A court on Stockholm has found four men guilty of breaking Swedish copyright law for their involvement with the Pirate Bay website. Gottfrid Svartholm Warg, Peter Sunde, Fredrik Neij and Carl Lundstrom were each sentenced to one year in prison and ordered to pay 30 million kronor (US $3.55 million) to various media companies. Lundstrom provided financing for the site and the other three were administrators. They plan to appeal the verdict.
-http://www.theglobeandmail.com/servlet/story/RTGAM.20090417.wpiratebay0417/BNSto
ry/Technology/home

Two Indicted in Login Credential Theft and Abuse Case (April 16, 2009)

Two programmers have been indicted in Seoul, South Korea for breaking into websites and stealing personal information belonging to 2.3 million people. Between January 2008 and February 2009, the two allegedly broke into more than 100 websites searching for user names and passwords, hoping that at least some of the users would use the same login information for Naver, a popular Internet search portal in South Korea. About 150,000 of the stolen sets of credentials allowed access to Naver accounts, which the pair allegedly used to post spam messages.
-http://joongangdaily.joins.com/article/view.asp?aid=2903657

Man Arrested for Stealing Proprietary Source Code (April 14, 2009)

The FBI arrested Yan Zhu, also known as Westerly Zhu, for allegedly providing proprietary source code to the Chinese government. Zhu is a Chinese citizen who is in the US on a work visa. He faces charges of theft of trade secrets, conspiracy, wire fraud and theft of honest services. Zhu's employer, a US company based in Mercer County, NJ, has not been identified.
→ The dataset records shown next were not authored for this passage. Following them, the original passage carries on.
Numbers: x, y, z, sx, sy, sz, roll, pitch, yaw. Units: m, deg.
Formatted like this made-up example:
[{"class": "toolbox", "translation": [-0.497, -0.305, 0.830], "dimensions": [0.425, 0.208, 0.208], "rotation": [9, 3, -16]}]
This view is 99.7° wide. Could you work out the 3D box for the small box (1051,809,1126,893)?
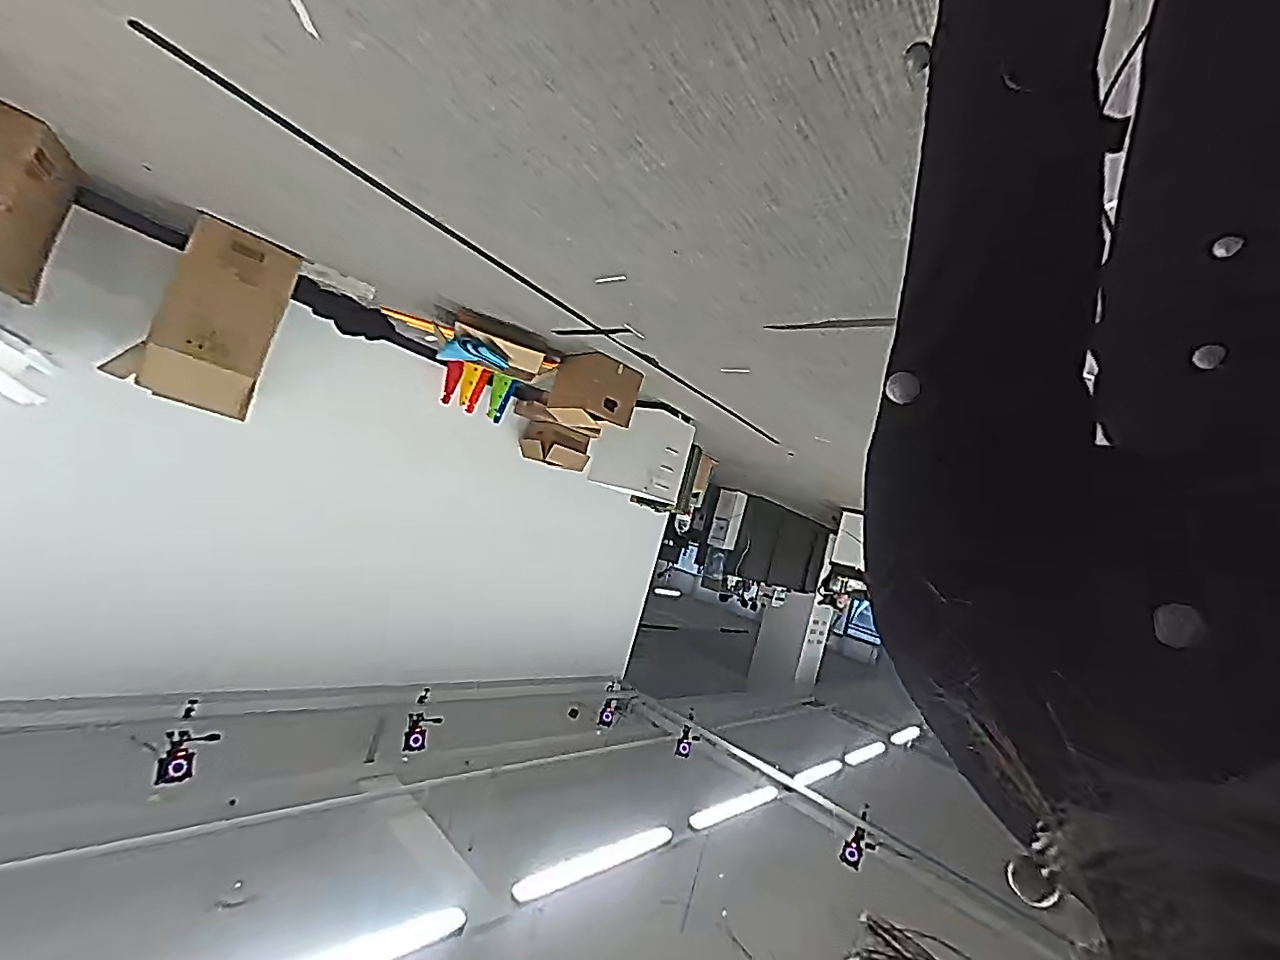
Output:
[{"class": "small box", "translation": [1.564, 1.283, 1.885], "dimensions": [0.179, 0.176, 0.168], "rotation": [20, 175, -41]}]

Zhu allegedly emailed a database and more than 2,000 pages of source code from his employer to accomplices in China; those accomplices allegedly sold the software to the Chinese government.
-http://www.informationweek.com/news/security/government/showArticle.jhtml?articl
eID=216500695&subS
[Editor's Note (Northcutt): At some point these events need to transition from individual losses of data to a persistent pattern. Wake me up when the U.S. Government figures this out.
(Honan): This sort of crime gets very little attention from the media yet it is increasing and in the current economic climate could potentially have significant impacts on the affected companies and indeed their countries' economies. Indeed, the UK Government issued a warning to high tech industries
-http://news.zdnet.co.uk/security/0,1000000189,39291239,00.htm
about these type of attacks. If you work for a company that would be an attractive target you should review your security controls and ensure you have the appropriate logging, monitoring and egress filtering in place to prevent a similar breach in your organization. ]
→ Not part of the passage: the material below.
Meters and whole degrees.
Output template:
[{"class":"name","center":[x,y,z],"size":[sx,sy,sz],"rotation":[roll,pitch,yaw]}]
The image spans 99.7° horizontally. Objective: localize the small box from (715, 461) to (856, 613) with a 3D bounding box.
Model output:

Five Arrested in Romania in Connection with Data Theft Scheme (April 14, 2009)

Romanian authorities and the FBI worked together on a data theft case that culminated in the arrest of five people in this country. The five allegedly broke into US pharmaceutical Companies' websites and installed keylogging software which was used to steal credit card information. The card data were used to commit fraud resulting in US $800,000 in losses. All five suspects will face charges of unauthorized access to a computer system, intercepting electronic data, performing fraudulent financial operations through electronic payment methods and money laundering.
-http://www.scmagazineus.com/Pharmacy-hackers-busted-in-Romania/article/130627/
-http://news.softpedia.com/news/U-S-Pharmacy-Hackers-Arrested-in-Romania-109330.s
html
[Editor's Note (Weatherford): This should instill some confidence that law enforcement organizations from different countries are collaborating better and with tangible results.]
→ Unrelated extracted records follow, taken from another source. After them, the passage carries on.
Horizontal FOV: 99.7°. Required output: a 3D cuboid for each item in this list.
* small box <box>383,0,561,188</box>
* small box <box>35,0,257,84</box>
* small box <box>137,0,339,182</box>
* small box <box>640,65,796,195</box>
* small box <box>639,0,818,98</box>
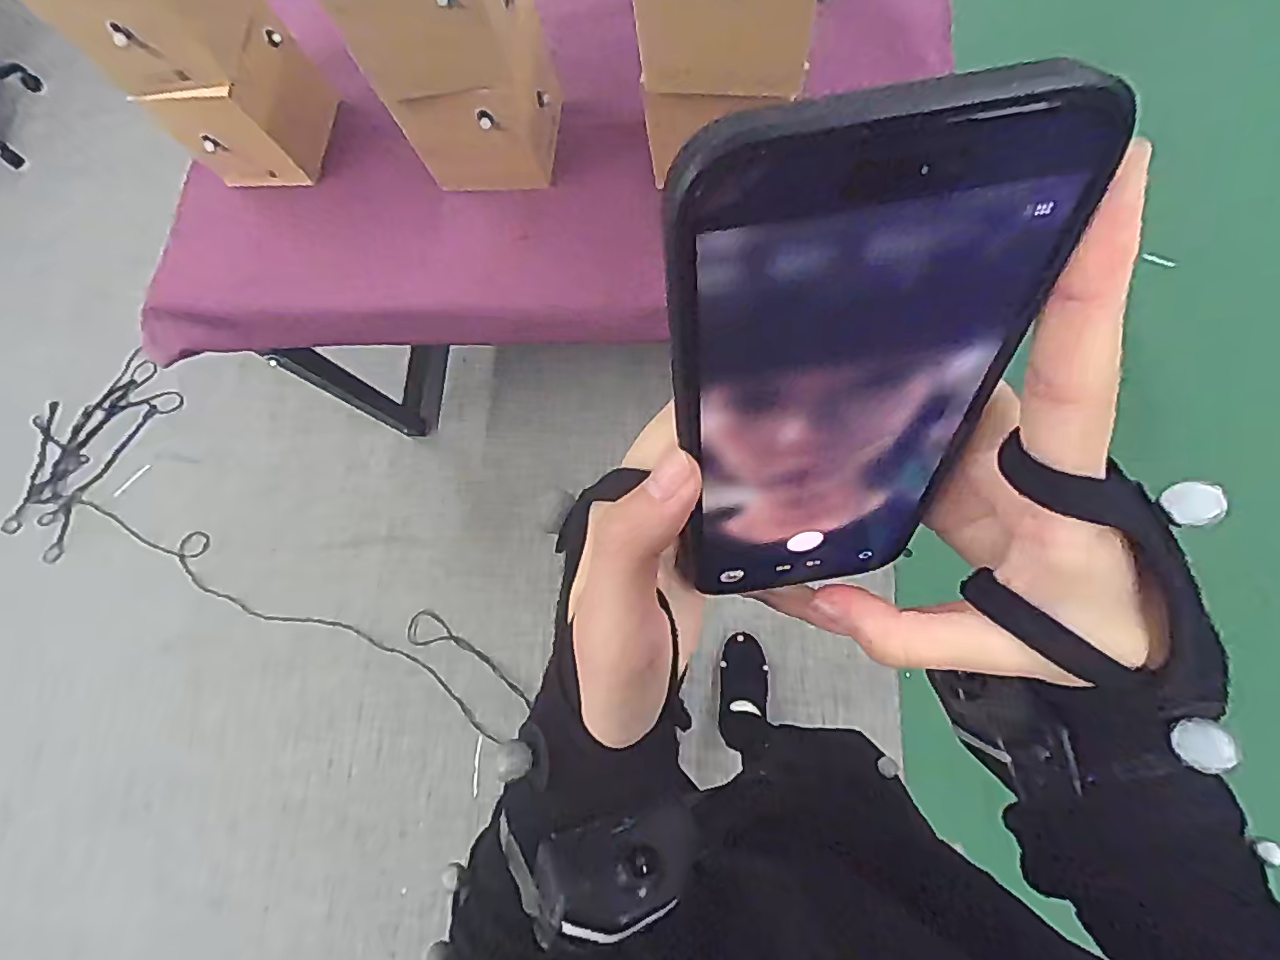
[{"bbox_3d":[-0.222,-0.542,0.766,0.179,0.176,0.168,4,77,10],"label":"small box"},{"bbox_3d":[-0.626,-0.637,0.680,0.168,0.176,0.179,0,77,8],"label":"small box"},{"bbox_3d":[-0.603,-0.591,0.836,0.168,0.176,0.179,5,77,10],"label":"small box"},{"bbox_3d":[0.112,-0.504,0.708,0.179,0.176,0.168,10,78,11],"label":"small box"},{"bbox_3d":[0.095,-0.526,0.546,0.179,0.176,0.168,10,78,10],"label":"small box"}]

College Student Earns Prison Sentence in Failed Grade Changing Scheme (April 14 & 15, 2009)

A Florida college student has been sentenced to nearly two years in prison for his part in a failed scheme to change his own grades and those of others on the Florida A & M University computer network. Christopher Jacquette and two accomplices installed keystroke loggers on university computers, stole login credentials and used them to access accounts that allowed them to change grades. The trio's activities left enough digital footprints to allow auditors to identify them. The three also used their unauthorized access to change some people's residency status to reduce the amount of their fees. Jacquette must also serve three years of supervised release following completion of his prison term. One of the other defendants, Lawrence Secrease, has pleaded guilty and a jury convicted the third, Marcus Barrington. Neither has been sentenced.
-http://www.theregister.co.uk/2009/04/14/student_hacker_sentenced/
-http://www.miamiherald.com/news/florida/AP/story/999992.html
-http://www.geek.com/articles/news/student-sentenced-to-jail-for-hacking-universi
ty-grades-20090415/

GOVERNMENT SYSTEMS AND HOMELAND SECURITY

Western Australia State Government IT Systems' Security Found Wanting (April 15, 2009)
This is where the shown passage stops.